Measures how fast one quantity changes given the rate of change of another, using implicit differentiation and time as an independent parameter.

Fundamental Concepts

Variables and Functions

Multiple variables linked by an equation: often geometric (e.g., radius, volume) or physical quantities. Each variable is a function of time t.

Rates of Change

Instantaneous rates: derivatives with respect to time (d/dt). Known rates given, unknown rates to be found.

Chain Rule

Core tool: differentiates composite functions. If y depends on x and x on t, then dy/dt = (dy/dx)(dx/dt).

Mathematical Tools

Implicit Differentiation

Differentiating equations where variables are mixed without explicit isolation. Essential for relating rates.

Partial Derivatives

Used in multivariable cases to isolate influence of single variables when others vary simultaneously.

Chain Rule Application

Stepwise differentiation: identify dependent variables, apply chain rule considering time dependence.

Problem-Solving Strategy

Step 1: Identify Variables

Determine all relevant variables and which rates are known or unknown.

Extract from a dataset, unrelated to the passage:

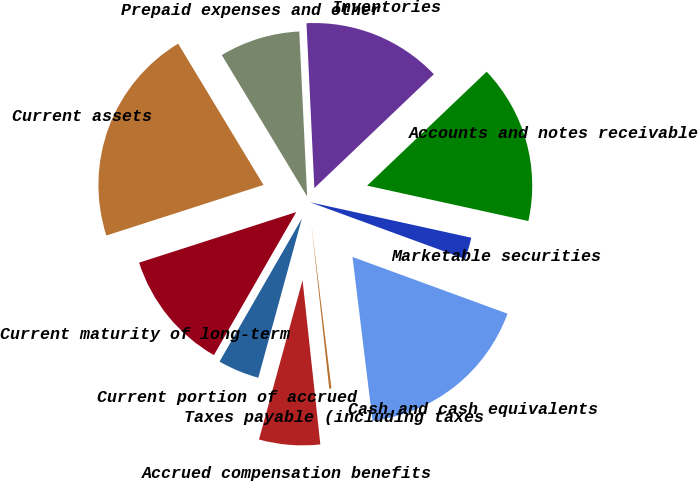Convert chart. <chart><loc_0><loc_0><loc_500><loc_500><pie_chart><fcel>Cash and cash equivalents<fcel>Marketable securities<fcel>Accounts and notes receivable<fcel>Inventories<fcel>Prepaid expenses and other<fcel>Current assets<fcel>Current maturity of long-term<fcel>Current portion of accrued<fcel>Accrued compensation benefits<fcel>Taxes payable (including taxes<nl><fcel>17.48%<fcel>2.14%<fcel>15.56%<fcel>13.64%<fcel>7.89%<fcel>21.31%<fcel>11.73%<fcel>4.06%<fcel>5.97%<fcel>0.22%<nl></chart> 
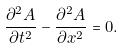Convert formula to latex. <formula><loc_0><loc_0><loc_500><loc_500>\frac { { { \partial ^ { 2 } } A } } { \partial t ^ { 2 } } - \frac { { { \partial ^ { 2 } } A } } { \partial x ^ { 2 } } = 0 .</formula> 
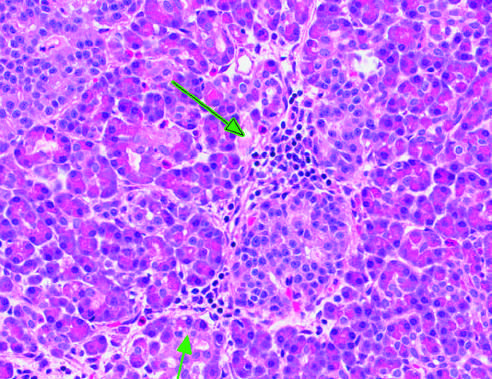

Step 2: Write Equation Relating Variables

Formulate equation connecting variables, usually geometric or physical relation.

Step 3: Differentiate Implicitly

Apply d/dt to both sides, using chain rule to express derivatives in terms of rates.

Step 4: Substitute Known Values

Insert given numerical rates and variable values at the instant of interest.

Step 5: Solve for Unknown Rate

Algebraically isolate and calculate the desired rate of change.

Common Types of Related Rates Problems

Geometric Problems

Volumes, areas, perimeters changing with dimensions: spheres, cones, cylinders.

Motion Problems

Objects moving with respect to each other: boats, cars, shadows, ladders.

Fluid Problems

Rates of inflow/outflow affecting levels or volumes in containers.

Optics and Angles

Changing angles in rotating objects or light cones.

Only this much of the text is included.